[Dataset records]
- - - - -
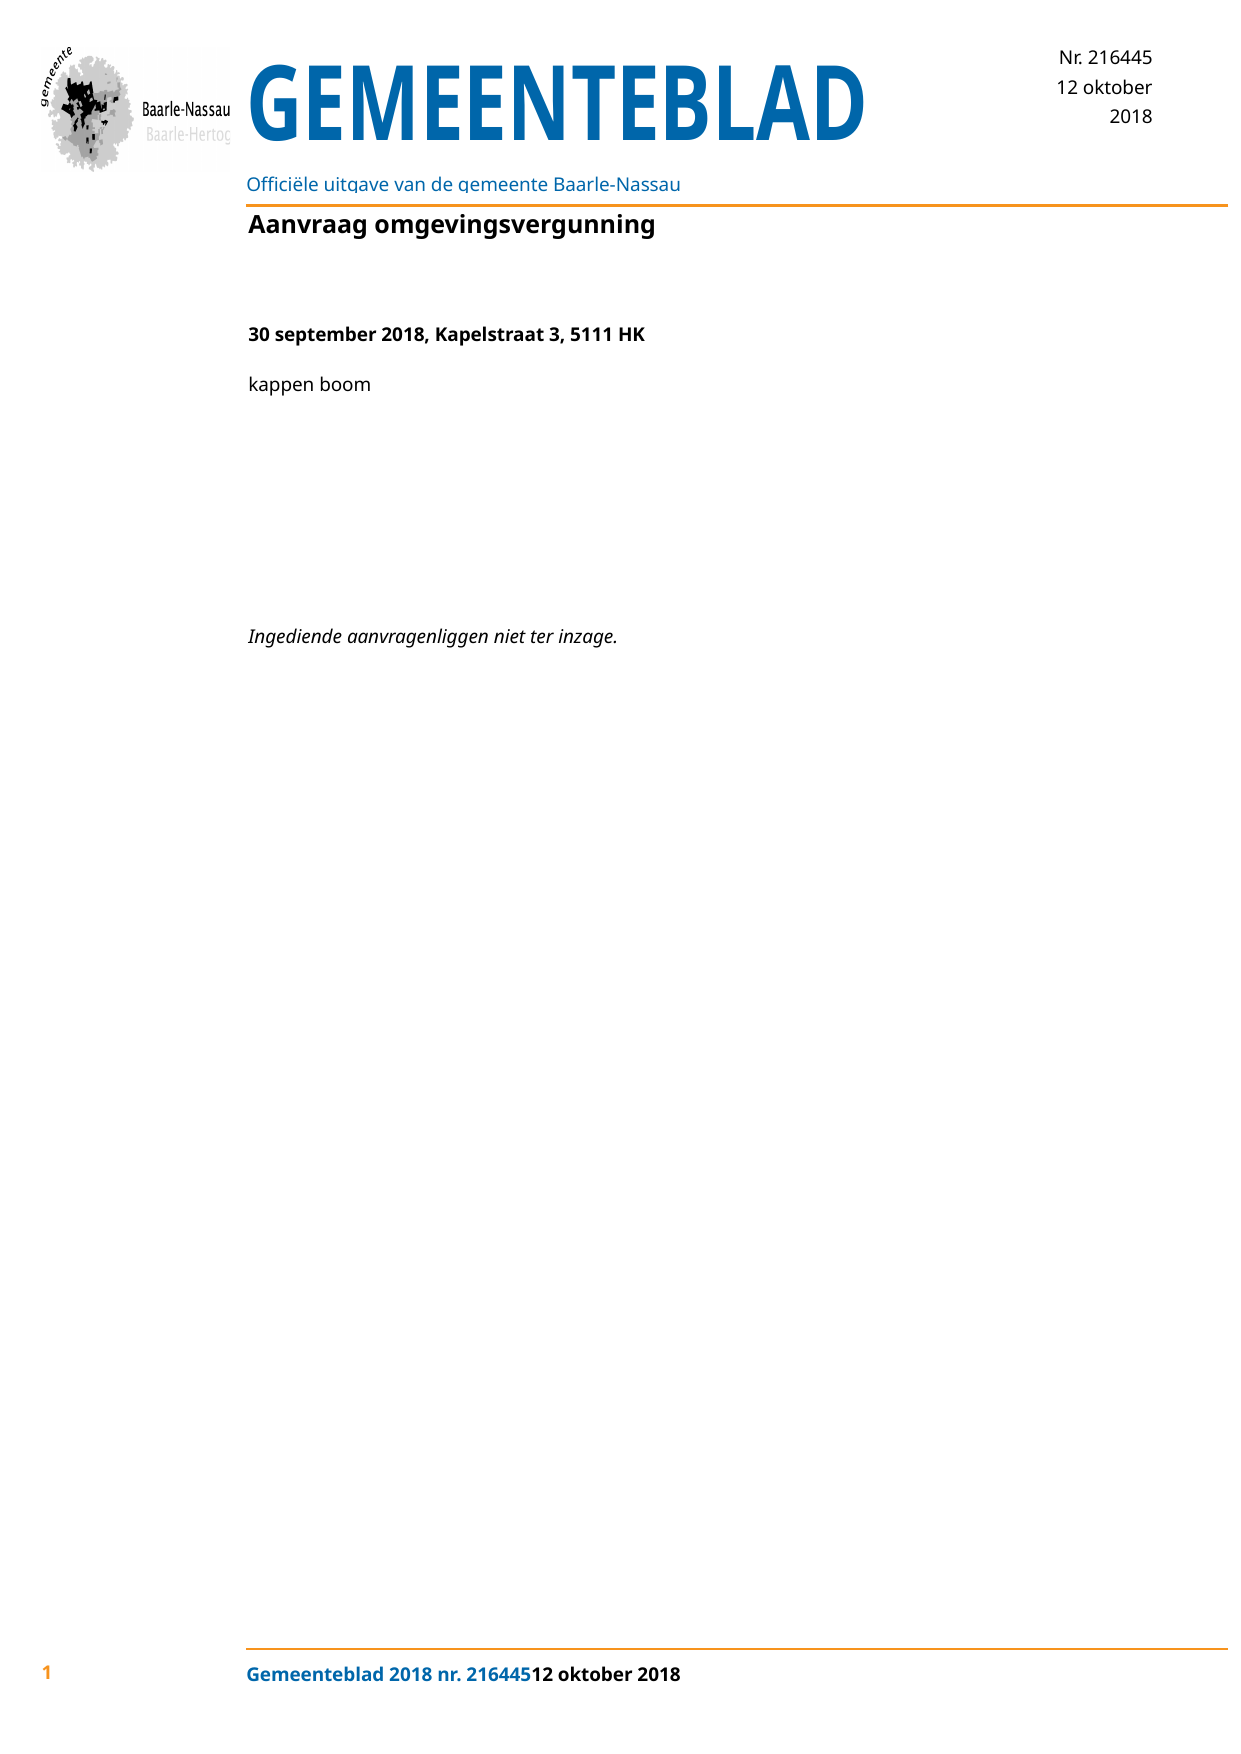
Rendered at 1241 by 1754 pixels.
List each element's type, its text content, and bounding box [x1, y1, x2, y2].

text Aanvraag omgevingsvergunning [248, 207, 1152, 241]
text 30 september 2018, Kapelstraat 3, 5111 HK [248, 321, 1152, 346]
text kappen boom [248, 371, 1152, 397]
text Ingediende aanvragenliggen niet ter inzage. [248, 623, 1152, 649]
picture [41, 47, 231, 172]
- - - - -
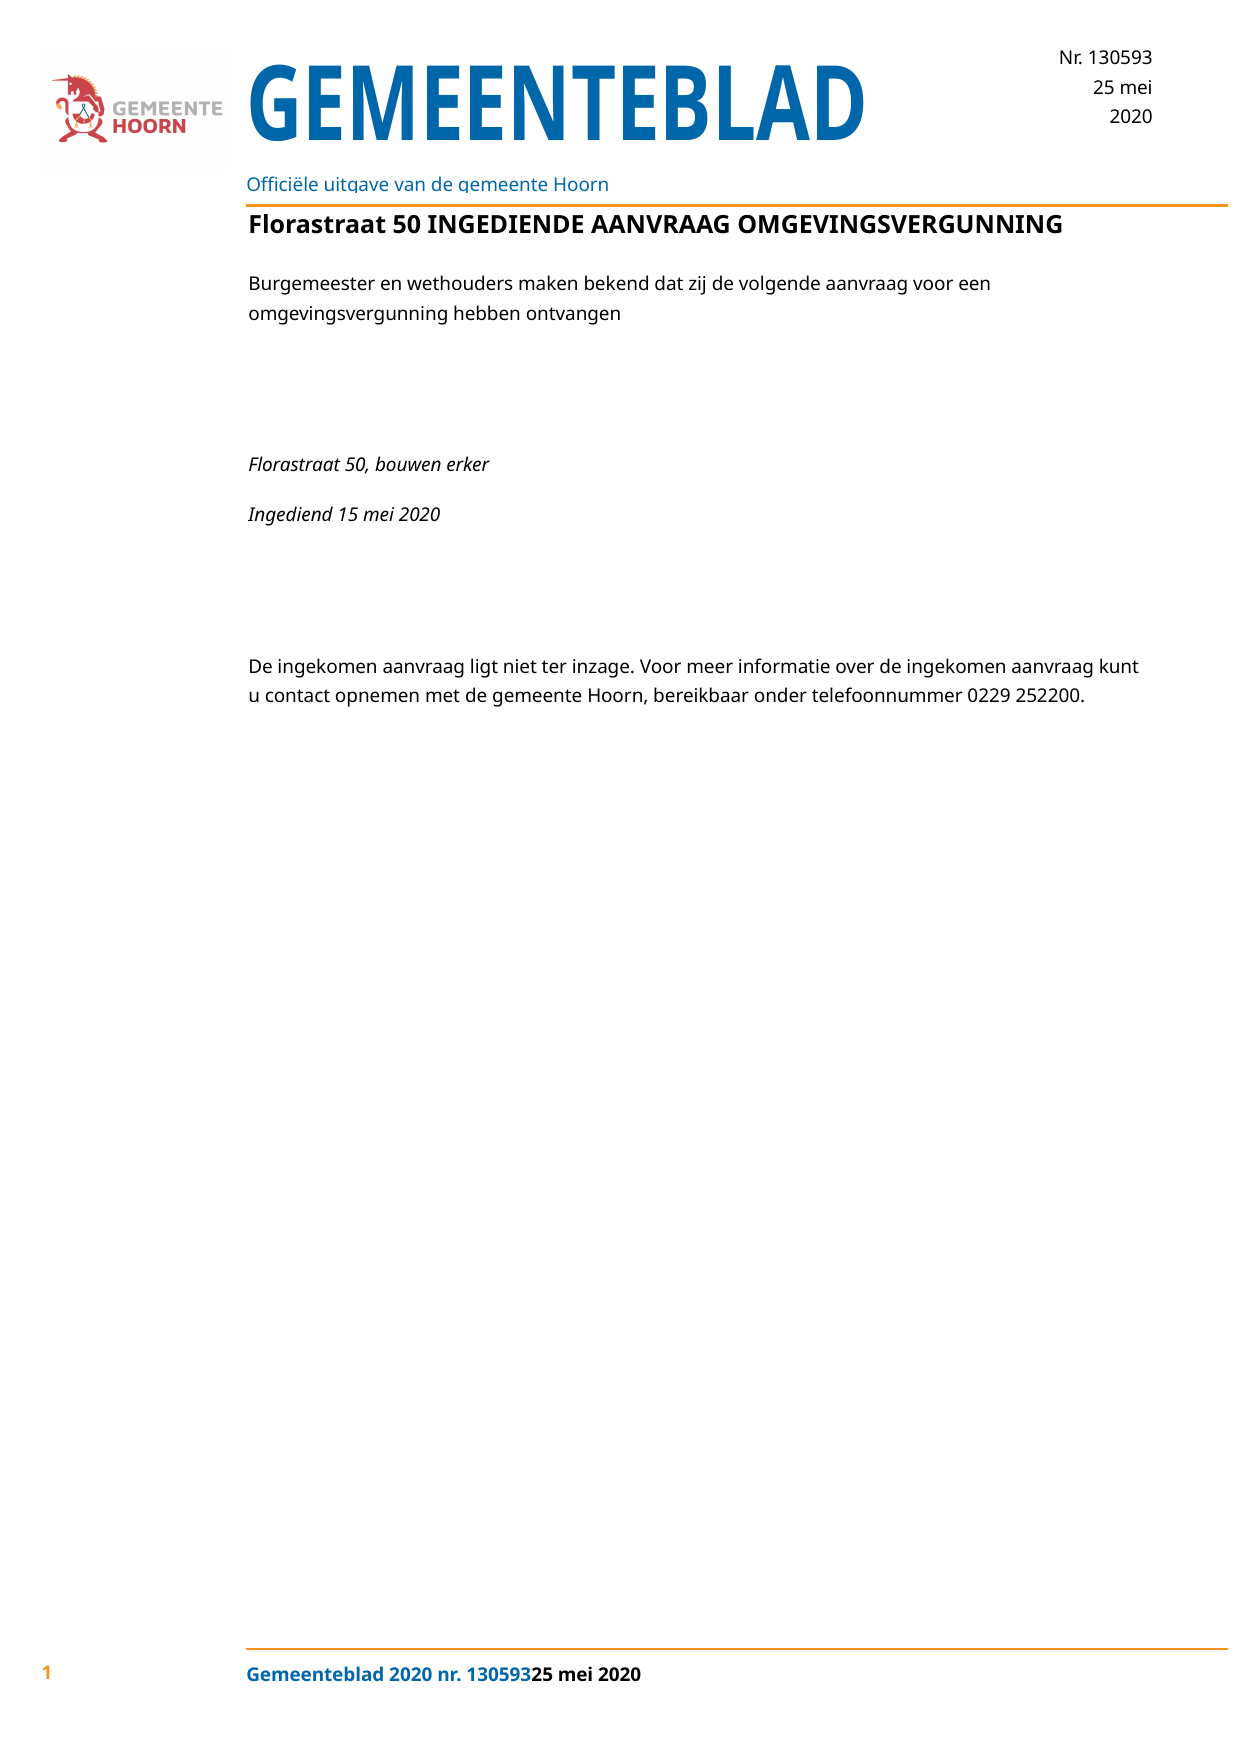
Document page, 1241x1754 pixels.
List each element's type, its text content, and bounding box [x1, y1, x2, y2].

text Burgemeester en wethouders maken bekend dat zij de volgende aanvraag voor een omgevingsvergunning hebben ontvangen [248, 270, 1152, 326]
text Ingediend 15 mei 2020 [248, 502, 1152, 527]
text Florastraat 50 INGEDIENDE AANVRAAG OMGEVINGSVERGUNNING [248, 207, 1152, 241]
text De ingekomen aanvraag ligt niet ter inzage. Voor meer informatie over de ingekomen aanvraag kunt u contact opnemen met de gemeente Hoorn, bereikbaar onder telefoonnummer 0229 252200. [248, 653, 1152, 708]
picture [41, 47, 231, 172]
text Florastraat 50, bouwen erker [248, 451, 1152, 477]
- - - - -
Pull out each line of the records holding the string "pixels".

Rendered at 1241 by 1754 pixels.
Document page, 1241x1754 pixels.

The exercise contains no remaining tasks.